* Task input *
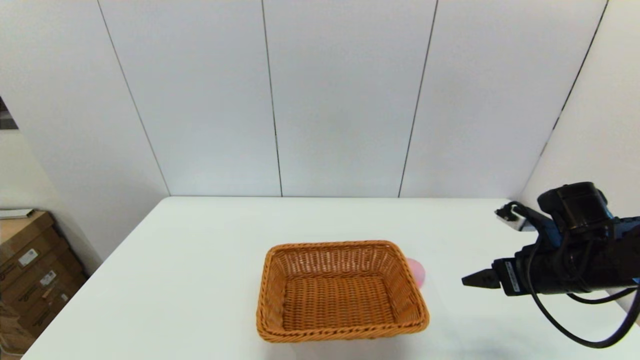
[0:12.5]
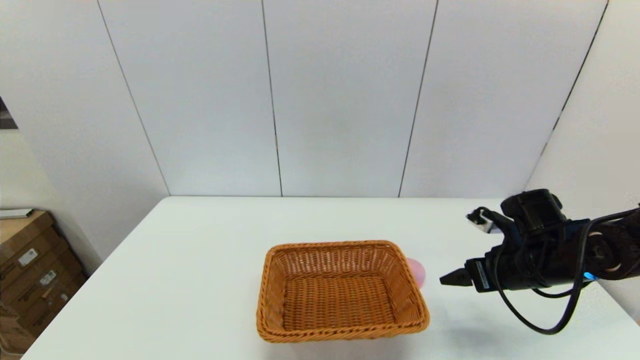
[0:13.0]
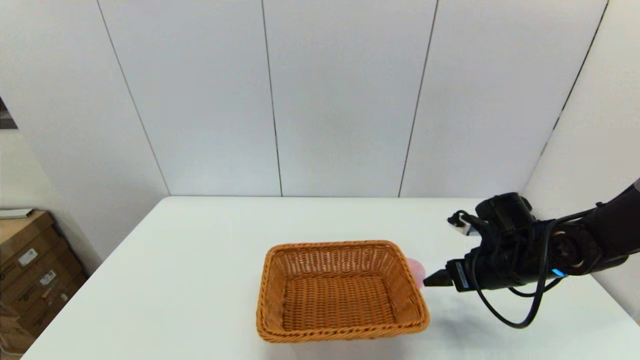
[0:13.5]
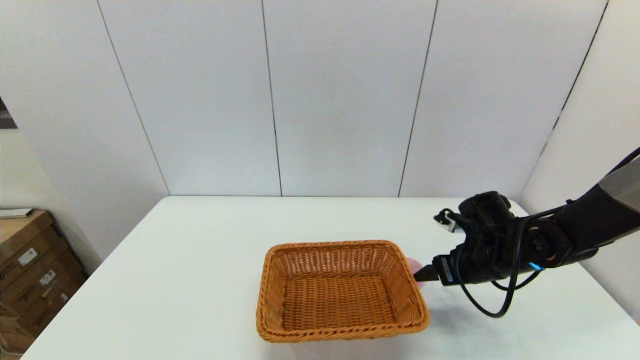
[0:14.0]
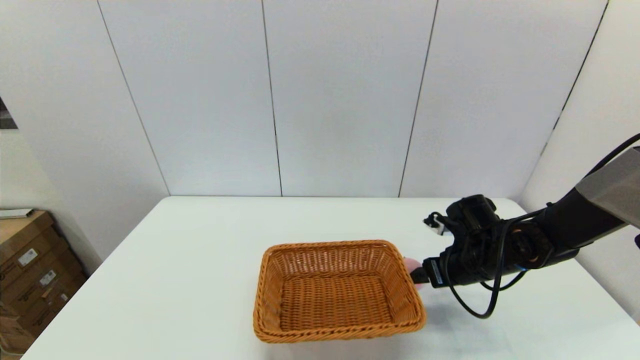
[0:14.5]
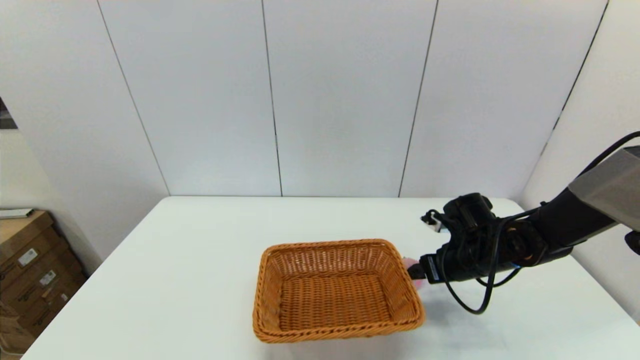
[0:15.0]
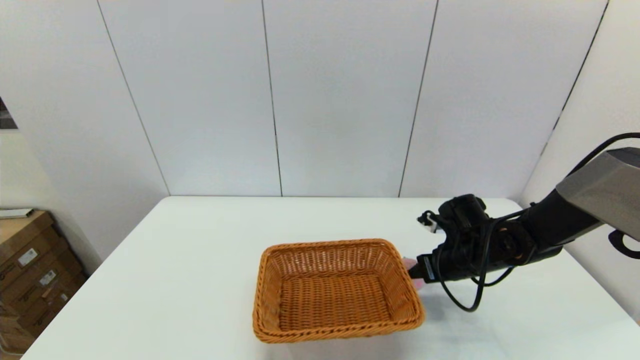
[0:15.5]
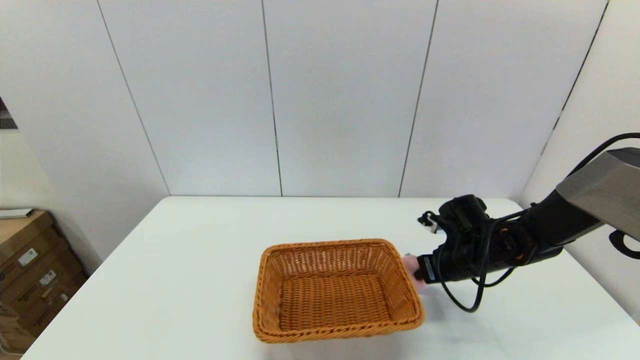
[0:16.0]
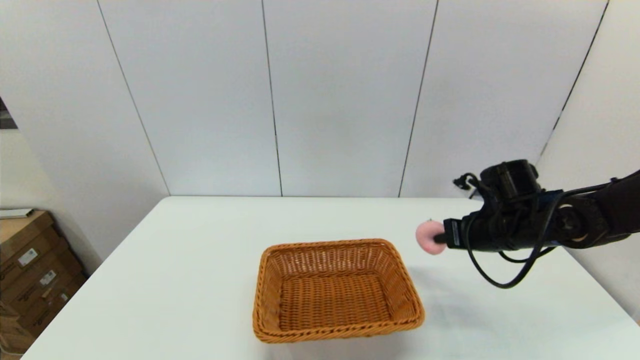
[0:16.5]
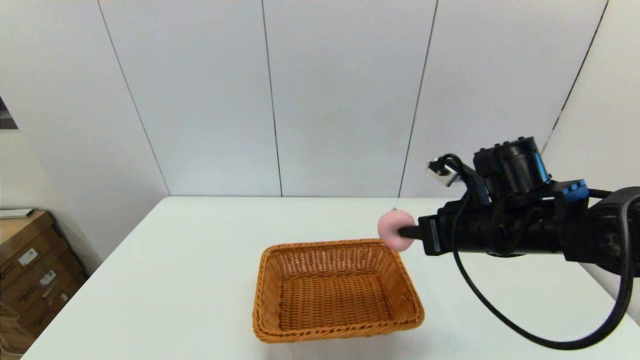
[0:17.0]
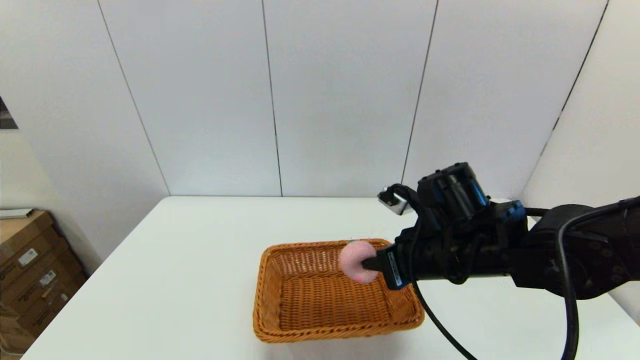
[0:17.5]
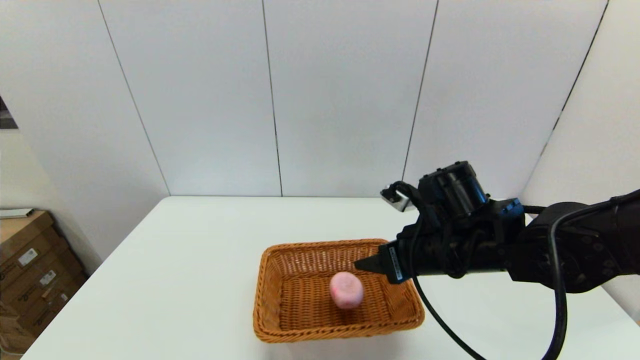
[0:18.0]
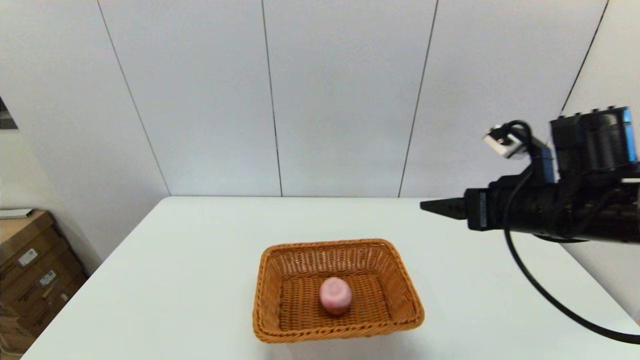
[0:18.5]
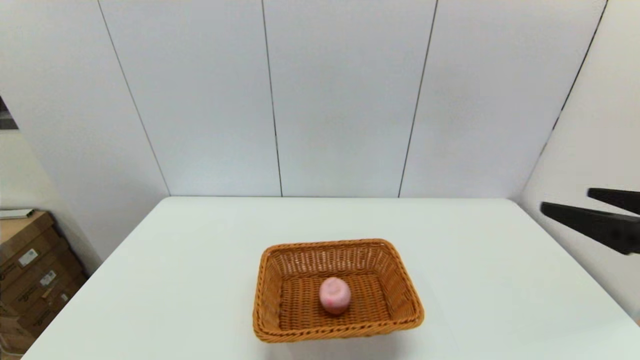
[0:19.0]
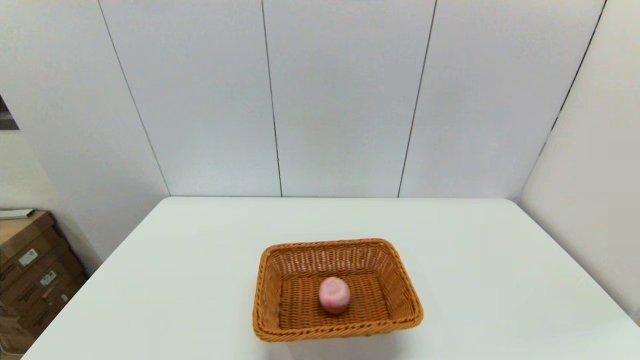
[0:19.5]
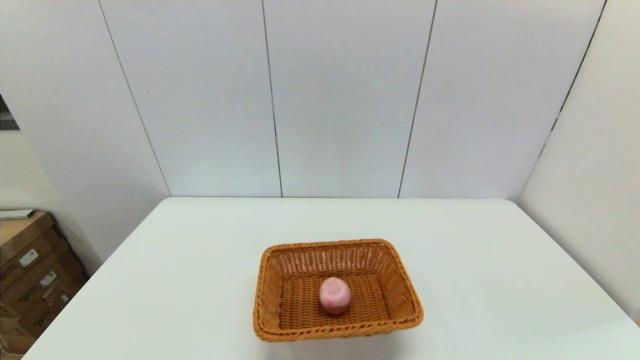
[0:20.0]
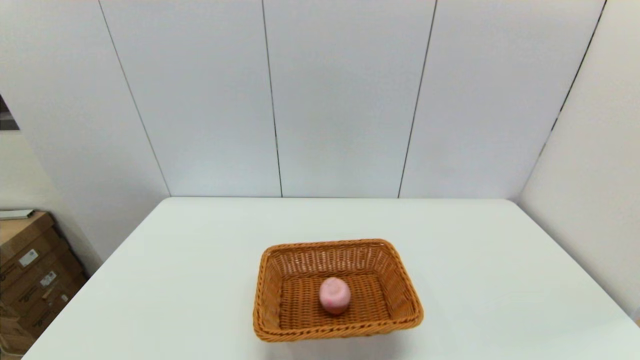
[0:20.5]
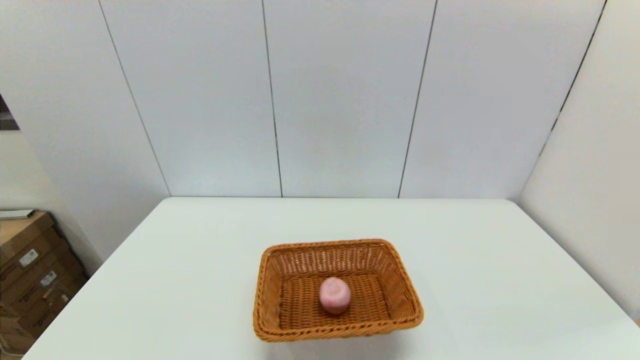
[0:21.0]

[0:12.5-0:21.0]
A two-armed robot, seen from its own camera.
Step, 0:12.5 to 0:15.5: Grasp the peach with the right gripper.
Step, 0:16.0 to 0:18.0: Place the peach into the light basket with the right gripper.
0:12.5 to 0:14.5: The right gripper moves forward, downward and to the left, about 10 cm.
0:14.5 to 0:16.5: The right gripper moves upward, approximately 5 cm, and closes its fingers.
0:16.5 to 0:19.0: The right gripper travels backward and upward by about 25 cm, and opens up.
0:19.0 to 0:21.0: The right gripper is displaced downward and backward by roughly 25 cm.

* Task statement *
Retype the whole listing word for word. Skip the pictures.

* Result of this exercise *
[0:12.5]
[0:13.0]
[0:13.5]
[0:14.0]
[0:14.5]
[0:15.0]
[0:15.5]
[0:16.0]
[0:16.5]
[0:17.0]
[0:17.5]
[0:18.0]
[0:18.5]
[0:19.0]
[0:19.5]
[0:20.0]
[0:20.5]
[0:21.0]

[0:12.5-0:21.0]
A two-armed robot, seen from its own camera.
Step, 0:12.5 to 0:15.5: Grasp the peach with the right gripper.
Step, 0:16.0 to 0:18.0: Place the peach into the light basket with the right gripper.
0:12.5 to 0:14.5: The right gripper moves forward, downward and to the left, about 10 cm.
0:14.5 to 0:16.5: The right gripper moves upward, approximately 5 cm, and closes its fingers.
0:16.5 to 0:19.0: The right gripper travels backward and upward by about 25 cm, and opens up.
0:19.0 to 0:21.0: The right gripper is displaced downward and backward by roughly 25 cm.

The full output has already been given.